Пигментная ксеродерма характеризуется повышенной предрасположенностью к раку кожи ( 1000 раз по сравнению со здоровыми людьми). Обычно рак возникает в местах, подверженных воздействию солнечного света. Многие больные умирают от рака в возрасте около 30 лет. Кроме того, у многих ХР-пациентов в 10-20 раз превышен риск возникновения рака внутренних органов (Kraemer К.Н., Lee М.М., Scotto J. 1984). Принимая во внимание тот факт, что система NER удаляет повреждения ДНК, вызванные как экзогенными химическими веществами, так и клеточными метаболитами, любая из этих групп повреждений может быть причиной возникновения новообразований внутренних органов. Около 20 % ХР-пациентов страдает прогрессирующими неврологическими нарушениями. Возможное объяснение появления таких нарушений состоит в том, что дефекты репарации повреждений ДНК, вызванных эндогенными (окислительными) факторами, приводят к гибели нейронов (Reardon J.T. et al. 1997).
Как уже отмечалось выше, генетическая гетерогенность пигментной ксеродермы приводит к различной чувствительности к солнечному свету и различным неврологическим отклонениям. Тяжелые нарушения системы NER наблюдаются у ХР-А-, XP-B-, XP-D- и XP-G-пациентов (BootsmaD. et al. 1998). Однако у последних двух групп всегда присутствует остаточная репарационная активность. Фактически, группа XP-D тоже неоднородна, и остаточная репарационная активность в некоторых случаях может быть 50 %. Одиночные мутации в XPDQUQ обнаружены у ХР-, CS- и TTD-пациентов. Инактивирующие делеции или усекающие мутации в XPD-гене несовместимы с жизненно важной функцией белка в транскрипции. Умеренная чувствительность к УФ-свету и средний уровень репарационного синтеза, характерные для XP-F-пациентов, могут быть следствием двойной роли XPF-ERCC1 в NER и репарации межцепочечных сшивок (interstrand crosslink, ICL) (Davies A.A. et al. 1995). Нулевые аллели XPF или ERCC1 и последующие нарушения в репарации ICL могут быть несовместимы с жизнью. Что касается белка ХРС, то он необходим только для GG-NER. ХР-С-пациенты демонстрируют восприимчивость к солнечному свету в той же степени, что и здоровые люди, из-за того, что блокирующие транскрипцию повреждения удаляются в норме (Venema J. et al. 1990). В ХР-С-клетках за счет активности TC-NER уровень остаточного репарационного синтеза составляет 15-30 %. Эти клетки менее чувствительны к УФ, чем клетки ХР-А и XP-D (Bootsma D. et al. 1998).

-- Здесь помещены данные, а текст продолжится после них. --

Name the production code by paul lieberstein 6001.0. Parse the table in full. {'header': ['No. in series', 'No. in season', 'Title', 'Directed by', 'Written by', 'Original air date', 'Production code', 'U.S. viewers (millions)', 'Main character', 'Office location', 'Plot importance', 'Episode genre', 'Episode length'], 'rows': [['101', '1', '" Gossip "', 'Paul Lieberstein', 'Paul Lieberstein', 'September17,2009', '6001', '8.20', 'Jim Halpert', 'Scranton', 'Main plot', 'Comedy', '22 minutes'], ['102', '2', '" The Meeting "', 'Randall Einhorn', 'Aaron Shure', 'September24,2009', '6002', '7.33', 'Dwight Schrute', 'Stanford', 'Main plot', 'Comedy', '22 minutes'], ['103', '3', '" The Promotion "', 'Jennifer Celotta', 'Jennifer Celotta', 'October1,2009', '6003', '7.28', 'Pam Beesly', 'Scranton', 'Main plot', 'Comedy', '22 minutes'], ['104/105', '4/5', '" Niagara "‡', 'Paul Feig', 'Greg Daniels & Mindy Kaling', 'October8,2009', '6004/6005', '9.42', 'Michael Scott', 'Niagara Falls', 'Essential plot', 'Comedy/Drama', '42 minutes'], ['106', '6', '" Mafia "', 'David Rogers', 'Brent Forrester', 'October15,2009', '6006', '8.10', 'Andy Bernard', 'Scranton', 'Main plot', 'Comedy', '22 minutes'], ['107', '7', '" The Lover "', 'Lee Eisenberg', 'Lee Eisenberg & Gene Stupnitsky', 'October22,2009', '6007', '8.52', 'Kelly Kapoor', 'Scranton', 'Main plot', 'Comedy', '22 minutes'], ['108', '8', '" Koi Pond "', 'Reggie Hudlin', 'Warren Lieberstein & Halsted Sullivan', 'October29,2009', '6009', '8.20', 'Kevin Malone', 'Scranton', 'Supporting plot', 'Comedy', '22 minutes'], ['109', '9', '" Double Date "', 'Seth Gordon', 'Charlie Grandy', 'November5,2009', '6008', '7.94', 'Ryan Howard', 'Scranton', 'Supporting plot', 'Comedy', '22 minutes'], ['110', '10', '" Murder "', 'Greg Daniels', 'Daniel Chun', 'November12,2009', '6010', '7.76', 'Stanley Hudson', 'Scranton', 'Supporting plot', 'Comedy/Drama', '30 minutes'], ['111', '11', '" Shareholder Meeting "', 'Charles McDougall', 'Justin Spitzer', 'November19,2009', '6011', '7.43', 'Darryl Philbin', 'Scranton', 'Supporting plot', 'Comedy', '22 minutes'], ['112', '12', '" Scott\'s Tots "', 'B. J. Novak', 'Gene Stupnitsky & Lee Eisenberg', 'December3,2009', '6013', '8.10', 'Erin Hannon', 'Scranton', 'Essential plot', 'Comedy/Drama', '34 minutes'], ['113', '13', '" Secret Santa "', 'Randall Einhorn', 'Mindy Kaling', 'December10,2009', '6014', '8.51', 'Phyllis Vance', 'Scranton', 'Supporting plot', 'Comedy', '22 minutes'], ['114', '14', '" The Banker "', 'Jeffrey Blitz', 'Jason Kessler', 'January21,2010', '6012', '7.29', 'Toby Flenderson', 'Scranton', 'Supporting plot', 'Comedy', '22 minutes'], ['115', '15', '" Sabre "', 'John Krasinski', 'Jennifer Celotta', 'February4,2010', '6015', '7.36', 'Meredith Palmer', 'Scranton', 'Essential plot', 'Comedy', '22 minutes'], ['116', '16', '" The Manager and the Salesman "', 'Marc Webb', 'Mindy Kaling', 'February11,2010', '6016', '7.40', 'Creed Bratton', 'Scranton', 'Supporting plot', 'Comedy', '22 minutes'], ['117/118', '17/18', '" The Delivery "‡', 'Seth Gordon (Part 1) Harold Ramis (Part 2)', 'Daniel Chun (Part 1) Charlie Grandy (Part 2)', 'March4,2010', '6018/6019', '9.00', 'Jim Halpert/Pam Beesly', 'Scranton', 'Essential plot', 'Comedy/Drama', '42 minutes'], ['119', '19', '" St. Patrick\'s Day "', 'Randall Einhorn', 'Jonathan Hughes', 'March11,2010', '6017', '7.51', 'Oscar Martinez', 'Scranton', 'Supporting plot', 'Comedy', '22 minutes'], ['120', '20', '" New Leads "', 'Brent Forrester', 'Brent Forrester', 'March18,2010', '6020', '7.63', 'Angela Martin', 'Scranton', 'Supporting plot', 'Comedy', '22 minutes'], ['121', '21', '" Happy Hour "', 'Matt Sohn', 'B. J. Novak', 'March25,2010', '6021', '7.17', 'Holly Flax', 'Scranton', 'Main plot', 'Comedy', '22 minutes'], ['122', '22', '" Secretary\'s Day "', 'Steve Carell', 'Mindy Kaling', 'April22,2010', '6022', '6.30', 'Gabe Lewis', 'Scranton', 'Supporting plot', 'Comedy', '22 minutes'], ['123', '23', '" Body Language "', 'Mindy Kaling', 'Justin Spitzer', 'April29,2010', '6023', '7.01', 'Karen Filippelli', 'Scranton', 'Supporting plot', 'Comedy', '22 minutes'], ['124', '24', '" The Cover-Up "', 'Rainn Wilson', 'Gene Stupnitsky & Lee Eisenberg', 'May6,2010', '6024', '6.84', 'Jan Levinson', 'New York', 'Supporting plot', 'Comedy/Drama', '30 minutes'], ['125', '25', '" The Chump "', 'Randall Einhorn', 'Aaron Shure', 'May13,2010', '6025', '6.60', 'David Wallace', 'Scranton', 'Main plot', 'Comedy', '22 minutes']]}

Синдром Коккейна впервые описан в 1936 г. Это плейотропное заболевание сопровождается задержкой физического и умственного развития. Кроме повышенной чувствительности к УФ-свету, синдром Коккейна сопровождается такими симптомами, как низкий рост, кифоз позвоночника, "птичье" лицо, разрушение зубов и, у более старших пациентов, остеопороз (Cockayne Е.А. 1936). Прогрессирующая неврологическая деградация начинается рано и сопровождается задержкой психомоторного развития, нарушениями походки и умственной отсталостью. К другим типичным симптомам относятся нейросенсорная потеря слуха, пигментарная ретинопатия, появление лицевых морщин и катаракты. У больных нарушено половое развитие, отмечается задержка роста, причем отставание в весе больше, чем в росте (кахектическая карликовость). Продолжительность жизни в среднем составляет 12,5 лет. Основная причина смерти -воспаление легких и респираторные инфекции, которые легко развиваются благодаря общему плохому состоянию пациентов. В отличие от пигментной ксеродермы, для данного синдрома не характерна повышенная предрасположенность к раку кожи (Svejstrup J.Q. 2002).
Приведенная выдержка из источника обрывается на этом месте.